**What you should do**
The listing is to be returned word for word, without its images.

┄┄┄┄┄┄

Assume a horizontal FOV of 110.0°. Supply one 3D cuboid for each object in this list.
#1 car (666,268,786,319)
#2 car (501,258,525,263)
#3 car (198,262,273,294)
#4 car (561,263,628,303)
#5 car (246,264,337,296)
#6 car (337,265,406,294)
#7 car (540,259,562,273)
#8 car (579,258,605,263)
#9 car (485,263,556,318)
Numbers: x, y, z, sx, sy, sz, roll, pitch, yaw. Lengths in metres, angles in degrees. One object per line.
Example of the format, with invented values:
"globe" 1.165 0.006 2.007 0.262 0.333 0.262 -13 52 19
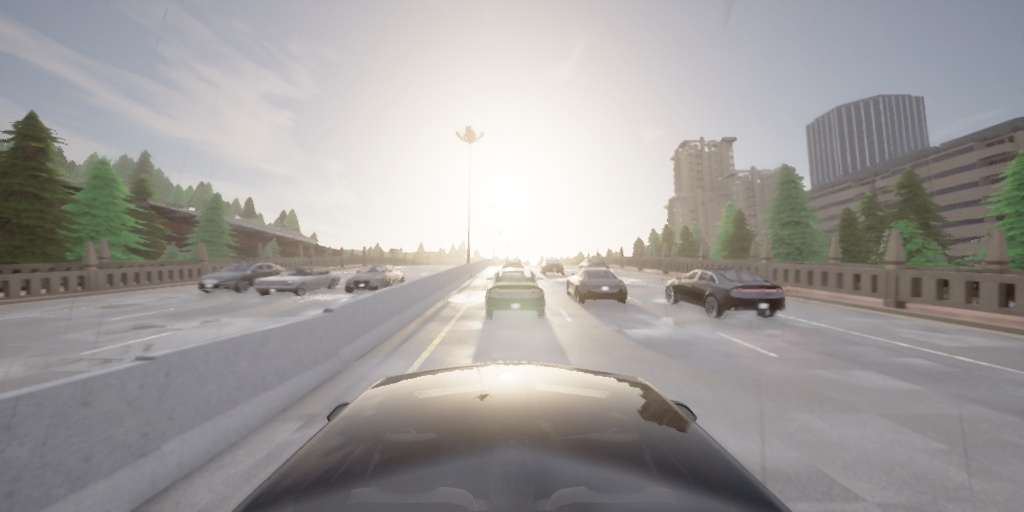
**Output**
"car" 7.102 1.170 12.536 2.128 1.511 4.902 0 1 0
"car" 0.105 0.929 31.541 2.128 1.511 4.902 0 1 0
"car" -14.094 1.086 19.148 2.128 1.511 4.902 0 1 0
"car" 3.602 1.200 15.872 1.994 1.385 4.181 0 1 0
"car" -10.596 1.209 18.102 1.895 1.301 4.718 0 1 0
"car" -7.097 1.161 18.909 1.994 1.385 4.181 0 1 0
"car" 3.606 0.949 32.626 1.812 1.442 4.674 0 1 0
"car" 7.105 0.928 31.556 2.128 1.511 4.902 0 1 0
"car" 0.101 1.170 12.569 2.128 1.511 4.902 0 1 0

┄┄┄┄┄┄

**Exercise result**
Assume a horizontal FOV of 110.0°. Supply one 3D cuboid for each object in this list.
#1 car (666,268,786,319)
#2 car (501,258,525,263)
#3 car (198,262,273,294)
#4 car (561,263,628,303)
#5 car (246,264,337,296)
#6 car (337,265,406,294)
#7 car (540,259,562,273)
#8 car (579,258,605,263)
#9 car (485,263,556,318)
Numbers: x, y, z, sx, sy, sz, roll, pitch, yaw. Lengths in metres, angles in degrees. One object per line.
Example of the format, with invented values:
"globe" 1.165 0.006 2.007 0.262 0.333 0.262 -13 52 19
**Output**
"car" 7.102 1.170 12.536 2.128 1.511 4.902 0 1 0
"car" 0.105 0.929 31.541 2.128 1.511 4.902 0 1 0
"car" -14.094 1.086 19.148 2.128 1.511 4.902 0 1 0
"car" 3.602 1.200 15.872 1.994 1.385 4.181 0 1 0
"car" -10.596 1.209 18.102 1.895 1.301 4.718 0 1 0
"car" -7.097 1.161 18.909 1.994 1.385 4.181 0 1 0
"car" 3.606 0.949 32.626 1.812 1.442 4.674 0 1 0
"car" 7.105 0.928 31.556 2.128 1.511 4.902 0 1 0
"car" 0.101 1.170 12.569 2.128 1.511 4.902 0 1 0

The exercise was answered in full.